Early brain injury (EBI) plays a critical role in determining the outcome of subarachnoid hemorrhage (SAH). The present study was designed to investigate the role of EGb 761, a standardized extract of Ginkgo biloba, in SAH-induced EBI and to explore its potential mechanism of action.

A rat SAH model was established by the endovascular perforation process. Doses of 10, 50 and 100 mg/kg EGb 761 were injected intraperitoneally 2 h after SAH was induced. Mortality, SAH grade, neurological score and brain water content were measured 24 h after SAH was induced. A Western blot assay was performed to assess the expression of the apoptosis-related proteins Bax, Bcl-2, cleaved caspase-3, Akt and phosphorylated Akt (p-Akt). Terminal deoxynucleotidyl transferase-mediated dUTP nick end labeling (TUNEL) and neuronal nuclei (NeuN) double immunofluorescence staining were used to detect apoptotic neurons.

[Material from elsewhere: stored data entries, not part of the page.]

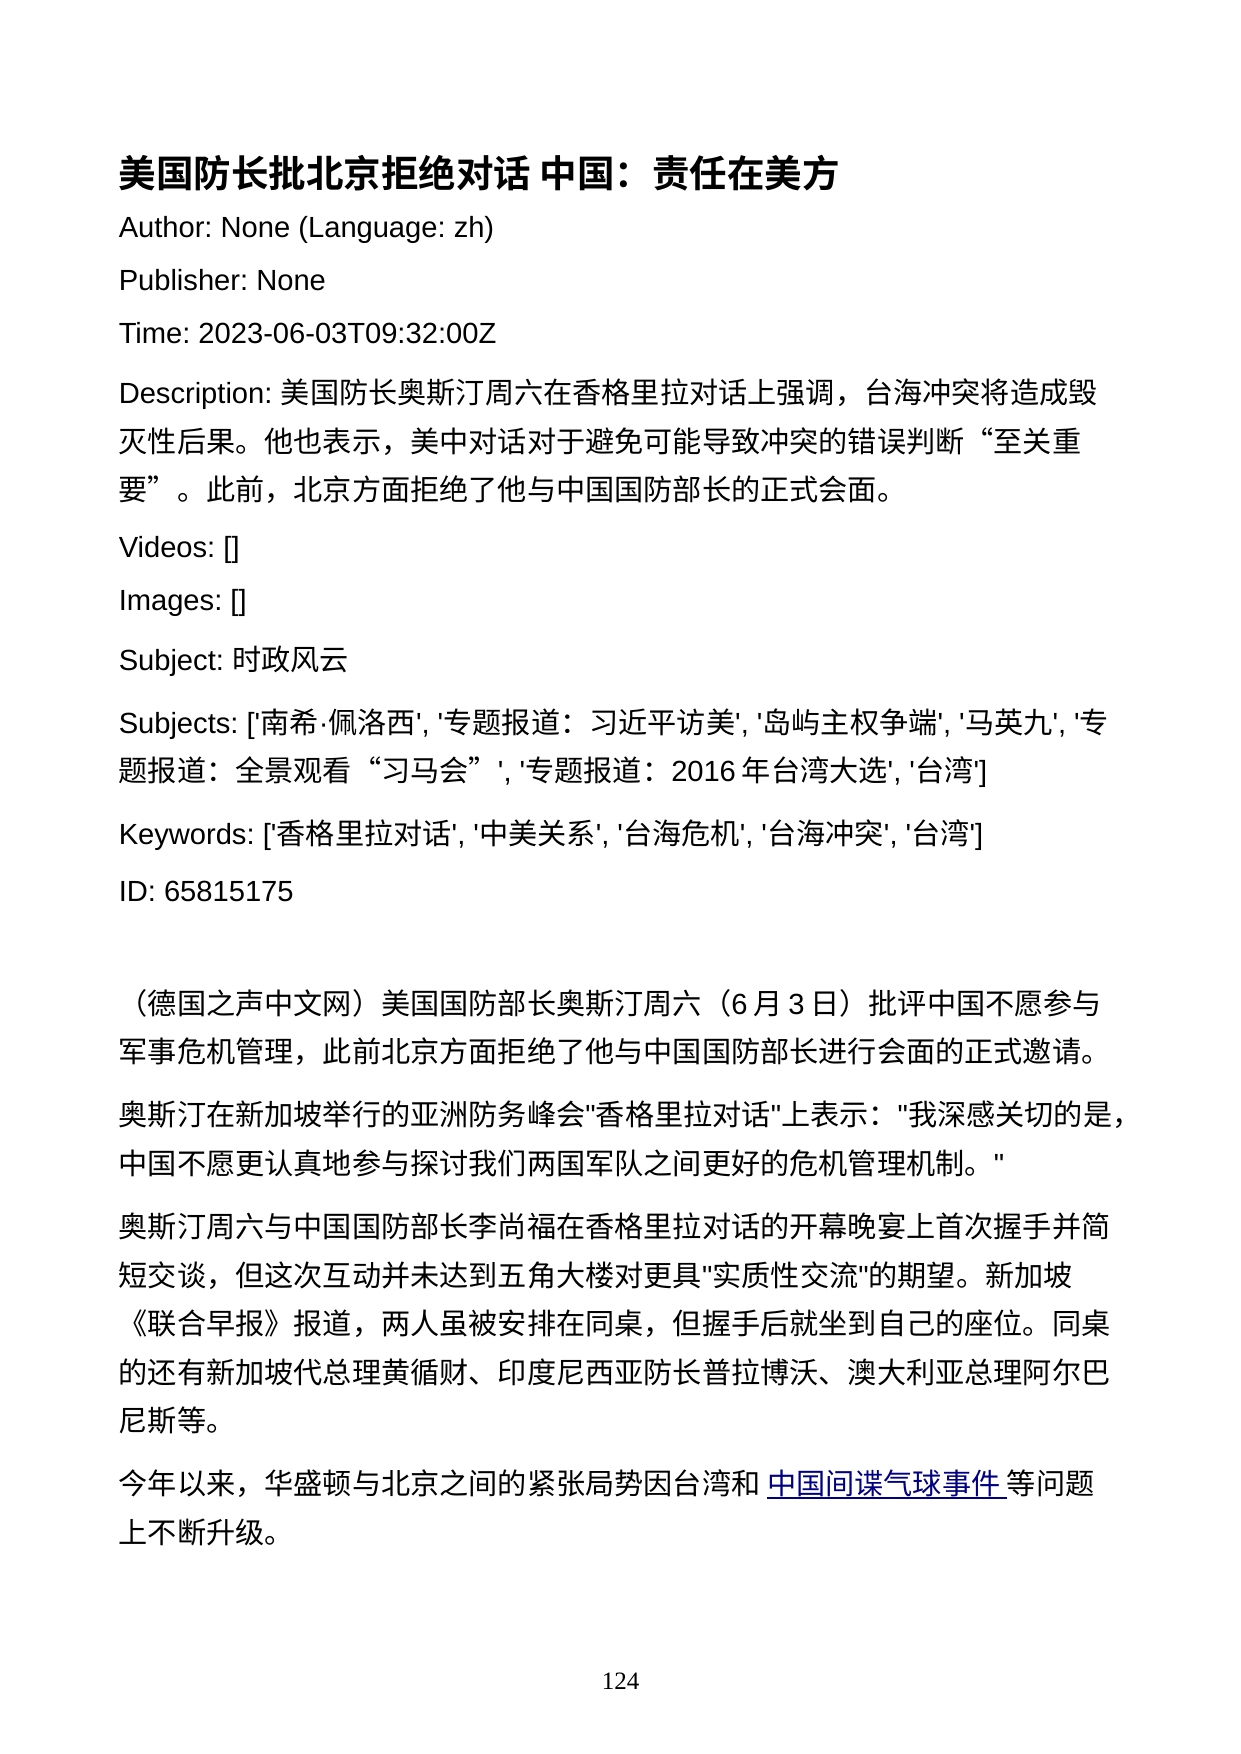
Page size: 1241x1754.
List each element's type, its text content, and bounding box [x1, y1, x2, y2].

text 今年以来，华盛顿与北京之间的紧张局势因台湾和 中国间谍气球事件 等问题上不断升级。 [118, 1461, 1122, 1552]
text （德国之声中文网）美国国防部长奥斯汀周六（6月3日）批评中国不愿参与军事危机管理，此前北京方面拒绝了他与中国国防部长进行会面的正式邀请。 [118, 980, 1122, 1071]
text Videos: [] [118, 530, 1122, 563]
text Time: 2023-06-03T09:32:00Z [118, 317, 1122, 350]
text Subjects: ['南希·佩洛西', '专题报道：习近平访美', '岛屿主权争端', '马英九', '专题报道：全景观看“习马会”', '专题报道：2016年台湾大选', '台湾'] [118, 699, 1122, 790]
text Keywords: ['香格里拉对话', '中美关系', '台海危机', '台海冲突', '台湾'] [118, 811, 1122, 853]
text Description: 美国防长奥斯汀周六在香格里拉对话上强调，台海冲突将造成毁灭性后果。他也表示，美中对话对于避免可能导致冲突的错误判断“至关重要”。此前，北京方面拒绝了他与中国国防部长的正式会面。 [118, 370, 1122, 509]
text Author: None (Language: zh) [118, 210, 1122, 244]
text Publisher: None [118, 263, 1122, 297]
text Images: [] [118, 583, 1122, 617]
text Subject: 时政风云 [118, 636, 1122, 678]
text ID: 65815175 [118, 874, 1122, 908]
subtitle 美国防长批北京拒绝对话 中国：责任在美方 [118, 143, 1122, 198]
text 奥斯汀周六与中国国防部长李尚福在香格里拉对话的开幕晚宴上首次握手并简短交谈，但这次互动并未达到五角大楼对更具"实质性交流"的期望。新加坡《联合早报》报道，两人虽被安排在同桌，但握手后就坐到自己的座位。同桌的还有新加坡代总理黄循财、印度尼西亚防长普拉博沃、澳大利亚总理阿尔巴尼斯等。 [118, 1204, 1122, 1440]
text 奥斯汀在新加坡举行的亚洲防务峰会"香格里拉对话"上表示："我深感关切的是，中国不愿更认真地参与探讨我们两国军队之间更好的危机管理机制。" [118, 1092, 1122, 1183]

Animals suffered from serious neurological deficits and increased brain water content after induction of SAH. Rats treated with EGb 761 experienced dose-dependent attenuation of neurological dysfunction and decreased brain water content. In addition, EGb 761 significantly activated Akt signaling accompanied by increased Bcl-2 levels and decreased expression of Bax and cleaved caspase-3. Moreover, EGb 761 decreased the number of TUNEL/NeuN-positive cells in a dose-dependent manner. However, all the beneficial effects of EGb 761 for SAH were abolished by the Akt inhibitor MK2206.

Our results indicated that EGb 761 could ameliorate SAH-induced EBI and that the neuroprotective effects of EGb 761 against SAH were exerted via suppression of neuronal apoptosis through activation of the Akt pathway.